The drowning of domestic worker Badanile Maria Mahlangu in her employer’s swimming pool in 2012 resulted in drawn out legal battles that ended with a court ruling that is a victory for all domestic workers.
Section 23 of the Constitution affords everyone, including domestic workers and precarious workers in general, the right to fair labour practices.
The legislative regime in South Africa can be described as generally supportive of the rights of domestic workers. The realisation of these rights require attention though, as demonstrated in a matter related to the protection of domestic workers against occupational injuries and diseases.
The case of Badanile Maria Mahlangu, who drowned in her employer’s swimming pool in 2012, highlighted a gap in Sectoral Determination 7 for domestic workers that dealt with protection against occupational injuries and diseases.
The employer, for whom Mahlangu had worked for 22 years, offered her daughter R2 500 in compensation.
The Department of Labour was unable to assist the family because domestic workers are not covered under the Compensation for Occupational Injuries and Diseases Act. Pinky Mashiane, a member of the South African Domestic Workers Union at the time, vowed to fight for the rights of Mahlangu.
Sylvia Mahlangu, daughter of the deceased, pursued the case in the High Court of South Africa, against the Minister of Labour, Department of Labour and the Compensation Commissioner with support from numerous organisations, changes in the legal team and most importantly an intensified advocacy campaign from domestic workers.
On Thursday 23 May 2019, the North Gauteng High Court, presided over by Judge President Justice Molopa, handed down a ruling that the exclusion of domestic workers in the Compensation for Occupational Injuries and Diseases Act is unconstitutional.
The Compensation for Occupational Injuries and Diseases Act defines an employee as
“a person who has entered into or works under a contract of service … with an employer …but does not include a domestic employee employed as such in a private household”.
It was argued as far back as 1997, that the exclusion of domestic workers from the scope of COIDA is unjustifiable in terms of the Constitution as well as the International Labour Organisation Convention 189 for domestic workers.

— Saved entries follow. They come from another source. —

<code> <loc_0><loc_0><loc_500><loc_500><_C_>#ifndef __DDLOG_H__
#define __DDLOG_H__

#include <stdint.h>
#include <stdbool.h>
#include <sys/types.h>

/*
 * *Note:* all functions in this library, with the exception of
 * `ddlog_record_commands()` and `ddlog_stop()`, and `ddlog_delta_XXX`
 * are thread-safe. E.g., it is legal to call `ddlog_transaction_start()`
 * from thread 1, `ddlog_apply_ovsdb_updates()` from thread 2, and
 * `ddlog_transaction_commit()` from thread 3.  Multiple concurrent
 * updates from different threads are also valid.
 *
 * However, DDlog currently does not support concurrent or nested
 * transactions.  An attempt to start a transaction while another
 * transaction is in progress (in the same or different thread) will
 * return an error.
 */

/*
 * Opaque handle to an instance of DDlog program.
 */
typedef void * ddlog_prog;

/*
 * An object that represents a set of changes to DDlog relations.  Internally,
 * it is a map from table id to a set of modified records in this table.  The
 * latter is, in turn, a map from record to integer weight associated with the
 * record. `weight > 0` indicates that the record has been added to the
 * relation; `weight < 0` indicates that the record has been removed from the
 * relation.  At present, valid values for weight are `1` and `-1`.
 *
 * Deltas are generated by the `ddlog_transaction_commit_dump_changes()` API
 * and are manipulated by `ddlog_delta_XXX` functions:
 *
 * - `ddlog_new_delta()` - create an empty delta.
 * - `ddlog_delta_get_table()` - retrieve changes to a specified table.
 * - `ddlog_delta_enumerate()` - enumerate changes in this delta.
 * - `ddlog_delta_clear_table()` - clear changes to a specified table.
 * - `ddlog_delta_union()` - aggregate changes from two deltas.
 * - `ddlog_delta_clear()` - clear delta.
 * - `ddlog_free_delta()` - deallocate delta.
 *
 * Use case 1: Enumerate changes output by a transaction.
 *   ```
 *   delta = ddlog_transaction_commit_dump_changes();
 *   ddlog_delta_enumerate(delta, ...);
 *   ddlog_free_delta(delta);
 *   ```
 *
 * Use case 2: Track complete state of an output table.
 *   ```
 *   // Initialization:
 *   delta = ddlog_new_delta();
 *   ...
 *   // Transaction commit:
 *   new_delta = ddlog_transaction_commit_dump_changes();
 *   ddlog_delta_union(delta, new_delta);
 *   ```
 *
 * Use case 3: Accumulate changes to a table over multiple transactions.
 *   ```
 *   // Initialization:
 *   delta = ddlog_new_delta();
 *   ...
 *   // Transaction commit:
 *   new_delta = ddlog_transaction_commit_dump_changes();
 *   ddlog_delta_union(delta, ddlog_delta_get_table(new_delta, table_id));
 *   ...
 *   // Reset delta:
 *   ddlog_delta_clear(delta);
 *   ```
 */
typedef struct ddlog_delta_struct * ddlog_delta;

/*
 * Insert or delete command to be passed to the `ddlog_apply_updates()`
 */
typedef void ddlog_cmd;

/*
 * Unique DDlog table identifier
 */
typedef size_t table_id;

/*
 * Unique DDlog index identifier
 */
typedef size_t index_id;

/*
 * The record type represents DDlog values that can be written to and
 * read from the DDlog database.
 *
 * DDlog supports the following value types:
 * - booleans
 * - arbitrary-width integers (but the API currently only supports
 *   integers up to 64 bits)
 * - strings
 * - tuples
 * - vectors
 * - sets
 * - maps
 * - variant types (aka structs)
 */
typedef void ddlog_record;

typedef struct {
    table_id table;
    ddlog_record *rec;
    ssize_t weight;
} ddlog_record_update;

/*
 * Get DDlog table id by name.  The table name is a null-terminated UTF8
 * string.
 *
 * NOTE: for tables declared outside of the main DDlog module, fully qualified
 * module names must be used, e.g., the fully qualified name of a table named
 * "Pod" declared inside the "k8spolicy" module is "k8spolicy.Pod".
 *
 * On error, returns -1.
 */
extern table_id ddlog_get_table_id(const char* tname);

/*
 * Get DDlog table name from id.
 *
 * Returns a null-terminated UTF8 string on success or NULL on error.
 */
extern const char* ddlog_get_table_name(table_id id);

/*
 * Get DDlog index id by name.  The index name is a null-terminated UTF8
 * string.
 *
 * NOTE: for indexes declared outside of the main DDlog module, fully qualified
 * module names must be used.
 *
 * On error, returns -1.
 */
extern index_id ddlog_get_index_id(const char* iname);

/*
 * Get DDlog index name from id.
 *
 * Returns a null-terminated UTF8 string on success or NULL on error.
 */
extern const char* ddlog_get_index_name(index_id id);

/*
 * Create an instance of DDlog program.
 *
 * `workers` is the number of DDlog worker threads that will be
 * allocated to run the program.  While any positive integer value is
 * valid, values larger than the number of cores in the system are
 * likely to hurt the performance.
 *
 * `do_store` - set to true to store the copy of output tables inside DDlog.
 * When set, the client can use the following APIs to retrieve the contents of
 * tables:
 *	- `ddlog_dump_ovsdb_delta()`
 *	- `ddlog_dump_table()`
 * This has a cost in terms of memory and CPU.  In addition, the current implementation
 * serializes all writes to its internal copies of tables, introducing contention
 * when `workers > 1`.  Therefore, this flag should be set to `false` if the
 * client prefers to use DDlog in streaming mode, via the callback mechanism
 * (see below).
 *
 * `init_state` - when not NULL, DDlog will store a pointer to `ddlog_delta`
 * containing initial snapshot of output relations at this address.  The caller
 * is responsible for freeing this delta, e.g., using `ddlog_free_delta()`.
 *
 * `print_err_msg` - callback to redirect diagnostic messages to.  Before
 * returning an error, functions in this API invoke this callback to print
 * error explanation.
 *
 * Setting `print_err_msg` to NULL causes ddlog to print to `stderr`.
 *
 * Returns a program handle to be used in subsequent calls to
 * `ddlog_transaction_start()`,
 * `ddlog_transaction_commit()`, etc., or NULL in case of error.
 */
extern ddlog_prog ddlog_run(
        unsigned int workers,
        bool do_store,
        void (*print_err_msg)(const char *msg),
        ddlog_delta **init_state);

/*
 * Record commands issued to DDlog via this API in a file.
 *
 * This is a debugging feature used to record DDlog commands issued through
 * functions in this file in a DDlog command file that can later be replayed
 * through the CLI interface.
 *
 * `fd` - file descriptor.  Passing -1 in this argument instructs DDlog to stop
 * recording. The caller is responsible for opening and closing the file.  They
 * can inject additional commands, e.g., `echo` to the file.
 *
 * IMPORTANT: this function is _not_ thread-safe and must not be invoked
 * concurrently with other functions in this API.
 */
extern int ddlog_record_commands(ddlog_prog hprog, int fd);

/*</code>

There have been many attempts since 2001 to advocate for the inclusion of domestic workers under the Compensation for Occupational Injuries and Diseases Act. The South African Law Reform Commission’s 2011 Report on legislation administered by the Department of Labour noted that the National Economic Development and Labour Council would need to advise Parliament on the matter of inclusion of domestic workers under the Compensation for Occupational Injuries and Diseases Act. To date there has been no evidence that the matter had ever been tabled at the National Economic Development and Labour Council.
The wheels of justice turn slowly, but they turn. Nine years later, there is a bittersweet victory for the Mahlangu family and a major victory for all domestic workers. The matter now rests with the 6th democratic Parliament of South Africa to promulgate the Bill, gazetted in November 2018, for amending the Compensation for Occupational Injuries and Diseases Act to cover domestic workers.

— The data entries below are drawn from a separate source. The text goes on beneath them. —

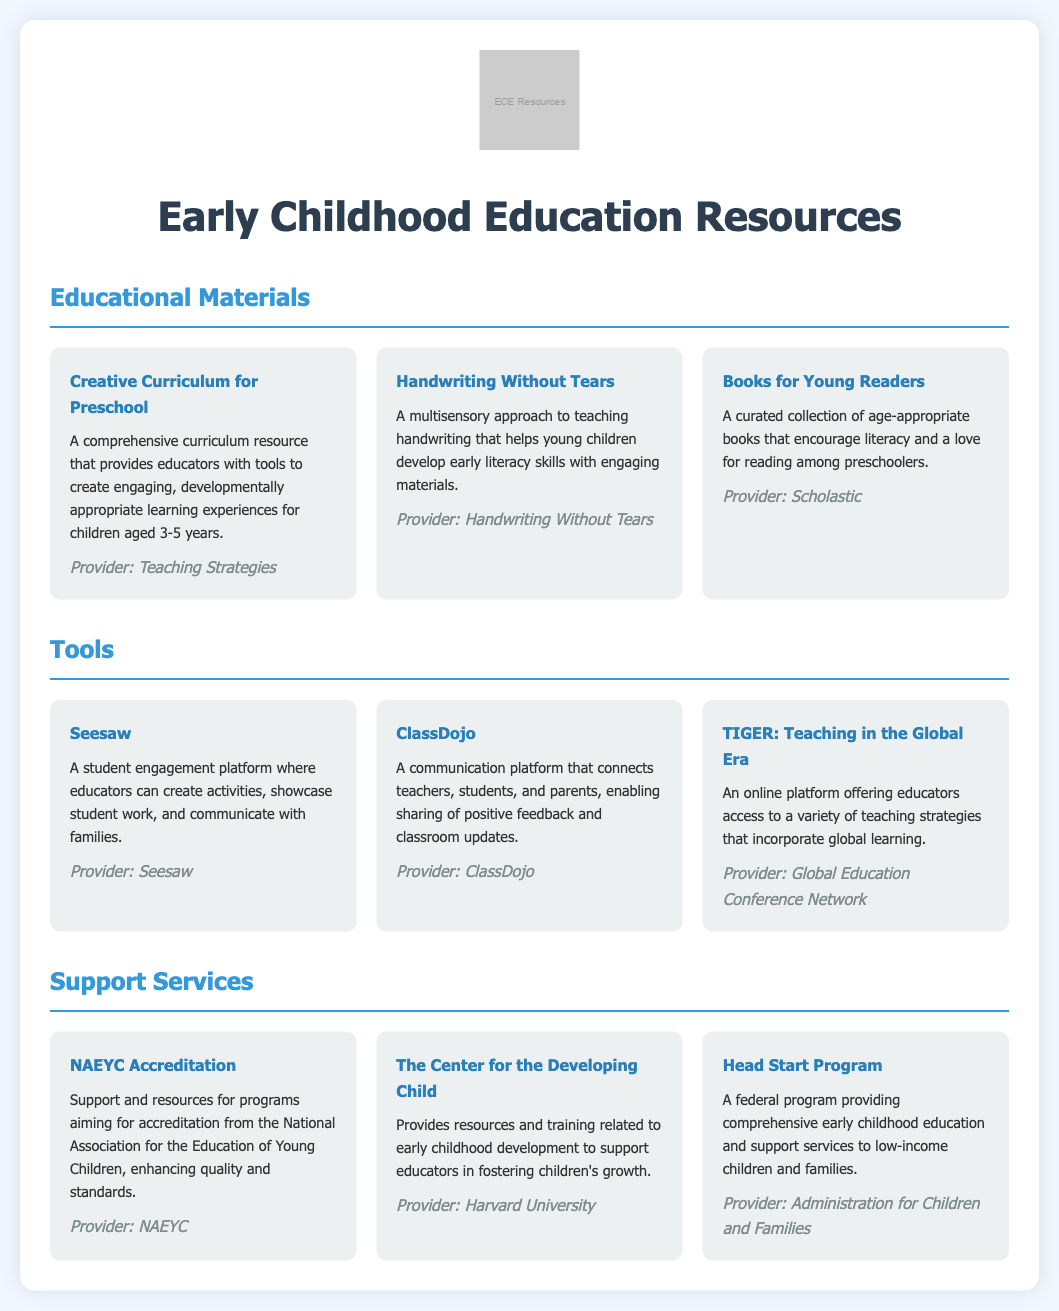What is the name of the comprehensive curriculum resource? The comprehensive curriculum resource mentioned is "Creative Curriculum for Preschool."
Answer: Creative Curriculum for Preschool Who provides the "Handwriting Without Tears" resource? "Handwriting Without Tears" is provided by Handwriting Without Tears.
Answer: Handwriting Without Tears What tool enables communication between teachers, students, and parents? The tool that enables this communication is "ClassDojo."
Answer: ClassDojo Which organization provides support for NAEYC Accreditation? The provider for NAEYC Accreditation support is NAEYC.
Answer: NAEYC How many resources are listed under Educational Materials? There are three resources listed under Educational Materials.
Answer: 3 What is the focus of the Head Start Program? The focus of the Head Start Program is to provide comprehensive early childhood education and support services.
Answer: Early childhood education and support services Which educational tool is a student engagement platform? The student engagement platform mentioned is "Seesaw."
Answer: Seesaw What type of services does "The Center for the Developing Child" provide? "The Center for the Developing Child" provides resources and training related to early childhood development.
Answer: Resources and training Which company provides the "TIGER: Teaching in the Global Era" platform? The provider of the "TIGER: Teaching in the Global Era" platform is the Global Education Conference Network.
Answer: Global Education Conference Network

In the meantime, domestic workers under the banners of the South African Domestic Services and Allied Workers Union (aligned to the Congress of South African Trade Unions) and the United Domestic Workers of South Africa (aligned to the South African Federation of Trade Unions) have embarked on collective action to ensure that government authorities comply with the court rulings.
The Mahlangu case has galvanized domestic workers. On 17 October 2019 the High Court of South Africa, Gauteng Division ordered that the inclusion of domestic workers under the Compensation for Occupational Injuries and Diseases Act would have ‘immediate and retrospective effect upon confirmation of the orders by the Constitutional Court”. Badanile Maria Mahlangu did not die in vain.

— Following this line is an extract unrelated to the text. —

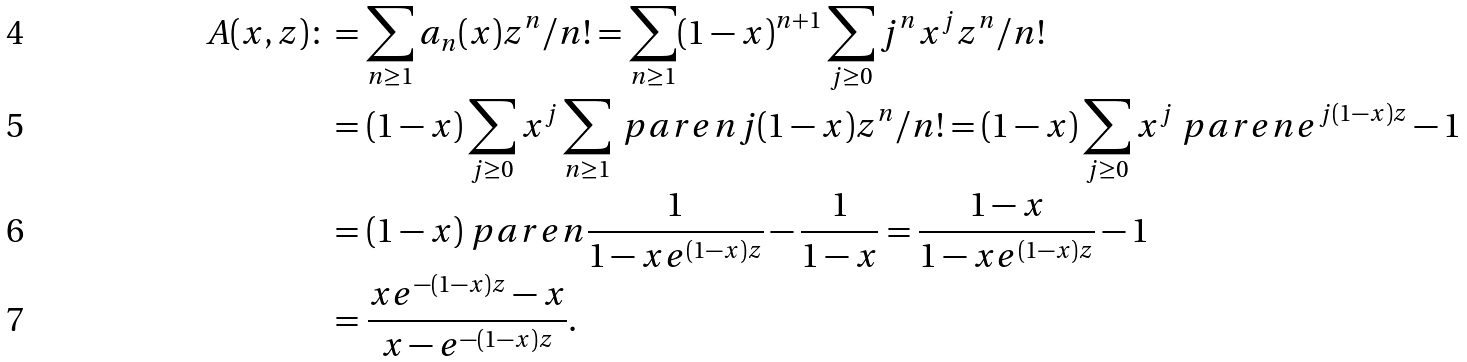<formula> <loc_0><loc_0><loc_500><loc_500>A ( x , z ) \colon & = \sum _ { n \geq 1 } a _ { n } ( x ) z ^ { n } / n ! = \sum _ { n \geq 1 } ( 1 - x ) ^ { n + 1 } \sum _ { j \geq 0 } j ^ { n } x ^ { j } z ^ { n } / n ! \\ & = ( 1 - x ) \sum _ { j \geq 0 } x ^ { j } \sum _ { n \geq 1 } \ p a r e n { j ( 1 - x ) z } ^ { n } / n ! = ( 1 - x ) \sum _ { j \geq 0 } x ^ { j } \ p a r e n { e ^ { j ( 1 - x ) z } - 1 } \\ & = ( 1 - x ) \ p a r e n { \frac { 1 } { 1 - x e ^ { ( 1 - x ) z } } - \frac { 1 } { 1 - x } } = \frac { 1 - x } { 1 - x e ^ { ( 1 - x ) z } } - 1 \\ & = \frac { x e ^ { - ( 1 - x ) z } - x } { x - e ^ { - ( 1 - x ) z } } .</formula>

The outcome of this case could be precedent setting for all precarious workers at a number of levels. Platform workers have much to learn from domestic workers in respect of organising for empowerment and implementation of rights. With a stronger voice, domestic workers have started a process of collective bargaining with government, mediated by the courts.
Awarding compensation for occupational injuries and diseases to domestic workers retrospectively and going forward could take many years before it sees the light of day, especially if left to government to ‘sort out’. Hence, domestic workers have vowed to lead the way in driving the process for ensuring adequate and appropriate coverage under the Compensation for Occupational Injuries and Diseases Act.
A victory for domestic workers, a victory for all workers.